The Company has based these forward-looking statements on its current expectations and projections about future events. Although the Company believes that the assumptions on which the forward-looking statements contained herein are based are reasonable, any of those assumptions could prove to be inaccurate. As a result, the forward-looking statements based upon those assumptions also could be incorrect. Risks and uncertainties, some of which are discussed in Item 1A. of Part 1 to the Company's Annual Report on Form 10-K for the fiscal year ended September 30, 2008, may affect the accuracy of forward looking statements.

The Company undertakes no obligation to publicly update or revise any forward-looking statements, whether as a result of new information, future events or otherwise.

Business Overview

Haynes International, Inc. ("Haynes" or "the Company") is one of the world's largest producers of high-performance nickel- and cobalt-based alloys in sheet, coil and plate forms.

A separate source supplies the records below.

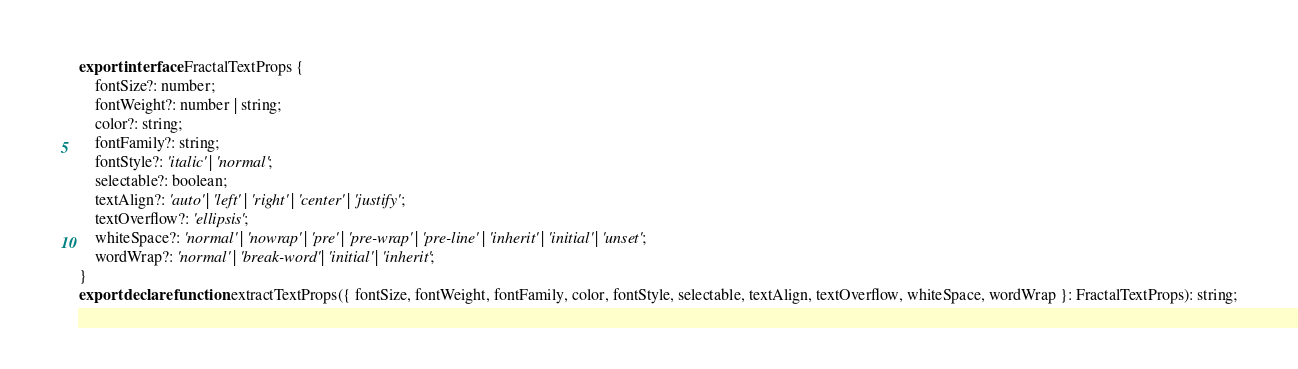<code> <loc_0><loc_0><loc_500><loc_500><_TypeScript_>export interface FractalTextProps {
    fontSize?: number;
    fontWeight?: number | string;
    color?: string;
    fontFamily?: string;
    fontStyle?: 'italic' | 'normal';
    selectable?: boolean;
    textAlign?: 'auto' | 'left' | 'right' | 'center' | 'justify';
    textOverflow?: 'ellipsis';
    whiteSpace?: 'normal' | 'nowrap' | 'pre' | 'pre-wrap' | 'pre-line' | 'inherit' | 'initial' | 'unset';
    wordWrap?: 'normal' | 'break-word' | 'initial' | 'inherit';
}
export declare function extractTextProps({ fontSize, fontWeight, fontFamily, color, fontStyle, selectable, textAlign, textOverflow, whiteSpace, wordWrap }: FractalTextProps): string;
</code> 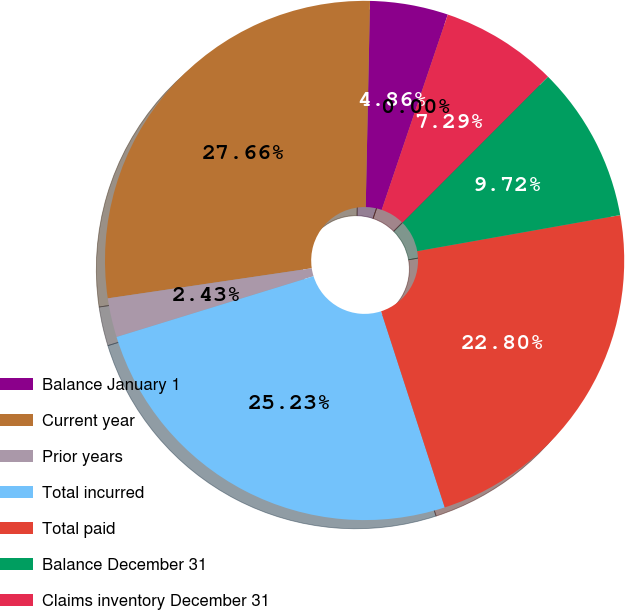Convert chart. <chart><loc_0><loc_0><loc_500><loc_500><pie_chart><fcel>Balance January 1<fcel>Current year<fcel>Prior years<fcel>Total incurred<fcel>Total paid<fcel>Balance December 31<fcel>Claims inventory December 31<fcel>Days in claims payable (a)<nl><fcel>4.86%<fcel>27.66%<fcel>2.43%<fcel>25.23%<fcel>22.8%<fcel>9.72%<fcel>7.29%<fcel>0.0%<nl></chart>

The Company is focused on developing, manufacturing, marketing and distributing technologically advanced, high-performance alloys, which are used primarily in the aerospace, chemical processing and land-based gas turbine industries. The global specialty alloy market consists of three primary sectors: stainless steel, general purpose nickel alloys and high-performance nickel- and cobalt-based alloys. The Company competes primarily in the high-performance nickel- and cobalt-based alloy sector, which includes high temperature resistant alloys, or HTA products, and corrosion resistant alloys, or CRA products. The Company believes it is one of four principal producers of high-performance alloys in sheet, coil and plate forms. The Company also produces its products as seamless and welded tubulars, and in bar, billet and wire forms.

The Company has manufacturing facilities in Kokomo, Indiana; Arcadia, Louisiana; and Mountain Home, North Carolina. The Kokomo facility specializes in flat products, the Arcadia facility specializes in tubular products and the Mountain Home facility specializes in high-performance alloy wire products. The Company sells its products primarily through its direct sales organization, which includes 11 service and/or sales centers in the United States, Europe, Asia and India. All of these centers are company-operated.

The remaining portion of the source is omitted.